Uma mudança na relação de
forças eleitorais
Já em termos eleitorais, se
compararmos o mapa eleitoral de 1989 com o de 2014, a votação do PT se inverte:
desta vez o PT perde em 15 das 27 capitais do país e na maioria das grandes e
médias cidades, incluindo importantes cidades operárias. O PT perdeu em todas
as capitais do Sul: Porto Alegre, Florianópolis e Curitiba. Perdeu em quase
todas do Sudeste. Ganhou raspando no Rio (50,79% - PT/ 49,21% - PSDB) e perdeu
em São Paulo; Belo Horizonte, Vitória. Perdeu nas capitais do Centro-Oeste:
Brasília, Goiânia, Cuiabá, Campo Grande. No Norte, perdeu em Belém, Rio Branco,
Porto Velho, Palmas e Boa Vista. Em São Paulo, o PT perdeu não apenas na
capital, mas também na maioria das grandes cidades, como Campinas, Santos e São
José dos Campos e também no antes chamado cinturão vermelho, ou seja, em quase
toda a Grande São Paulo (Santo André, São Bernardo, Guarulhos, Osasco). O PT
ganhou em todas as capitais do Nordeste e também cidades importantes do Rio,
como na Baixada Fluminense (Caxias e Nova Iguaçu) e São Gonçalo. Mas, no
resultado geral, o PT ganhou nas cidades menores: 2.528 municípios dos 3.879
com até 15 mil eleitores. Também ganhou nos municípios pequenos (entre 15 e 75
mil eleitores) – 882 dos 1.418. E perdeu em 100 das 179 cidades médias com mais
de 75 mil eleitores, em 46 das 77 cidades entre 200 mil e 900 mil eleitores; e
em 7 das 12 maiores cidades do Brasil.
Junho de 2013 é a chave para
uma interpretação marxista
Qual deve ser a principal
conclusão da conquista, muito apertada, de um quarto mandato pelo PT? É
possível discernir um vínculo entre junho de 2013 e outubro de 2014? Junho
desafiou a estabilidade político-social ao colocar nas ruas milhões de jovens,
pela primeira vez nos últimos doze anos, e isso foi grandioso.
Mesmo se avaliada a intervenção
manipuladora dos meios de comunicação. Mesmo quando considerada a ação de
provocadores de extrema-direita. Mesmo que ponderada a ação ultra-esquerdista
dos black blocks. As aspirações democráticas (denúncia do papel repressivo da
polícia e denúncia da corrupção) e a reivindicação de direitos sociais como a
educação, a saúde e o transporte públicos eram justas e necessárias.

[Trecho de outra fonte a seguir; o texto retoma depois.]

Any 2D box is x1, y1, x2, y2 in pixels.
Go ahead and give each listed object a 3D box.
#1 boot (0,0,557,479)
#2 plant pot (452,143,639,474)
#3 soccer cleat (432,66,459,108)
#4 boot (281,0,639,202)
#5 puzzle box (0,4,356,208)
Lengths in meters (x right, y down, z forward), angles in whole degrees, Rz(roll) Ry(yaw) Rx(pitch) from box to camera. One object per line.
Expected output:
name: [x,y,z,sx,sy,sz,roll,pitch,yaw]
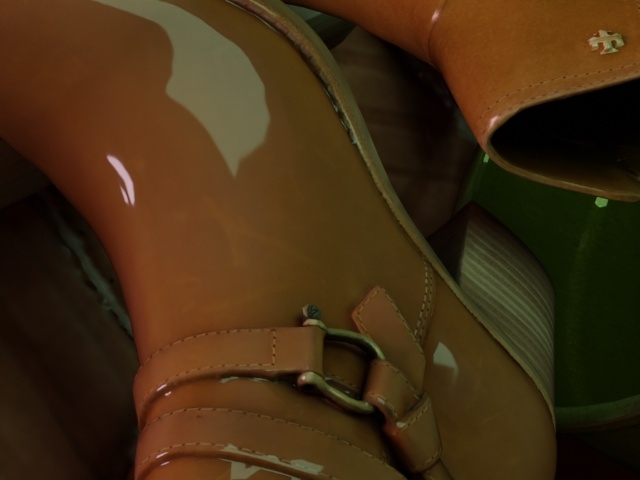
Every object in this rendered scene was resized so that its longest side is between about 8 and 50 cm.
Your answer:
boot: [-0.040,0.032,0.636,0.283,0.109,0.220,40,37,-17]
plant pot: [0.306,0.010,0.868,0.353,0.366,0.366,34,43,-21]
soccer cleat: [0.058,-0.123,0.980,0.072,0.060,0.179,-4,41,-1]
boot: [0.051,-0.100,0.742,0.295,0.104,0.211,0,37,1]
puzzle box: [-0.167,-0.149,0.821,0.272,0.052,0.409,48,36,8]

O mais importante, contudo, é
que parece estar em curso uma transformação essencial na relação dos batalhões
mais concentrados da classe trabalhadora com o lulismo e o governo. Iniciou-se
uma ruptura de massas, na escala de muitas dezenas de milhões, de setores do
proletariado com o PT. Essa relação de confiança prevaleceu por trinta anos, ou
seja, o intervalo de uma geração. Chamamos a este processo o princípio do fim
do lulismo. Aqueles que caracterizam este processo como onda conservadora,
impressionados pela votação de Aécio em grandes centros operários, estão
sobrevalorizando um dos aspectos da nova situação.
Este processo de ruptura com o
PT está sendo, como seria previsível, muito desigual, porque muito maior no Sul
e Sudeste do que no Norte e Nordeste do país. Mas pode ser muito progressivo,
se vier a confirmar-se uma maior disposição de luta e resistência do
proletariado. Sem o desmoronamento do velho, o novo não pode surgir. Os ritmos
dos dois processos não são os mesmos. Mas a crise da autoridade do PT abre a
possibilidade de fortalecimento de novos instrumentos de luta, para ir além da
CUT e da Força Sindical, nos grandes sindicatos ainda sob influência da
burocracia sindical. E favorece a aceleração da reorganização da esquerda.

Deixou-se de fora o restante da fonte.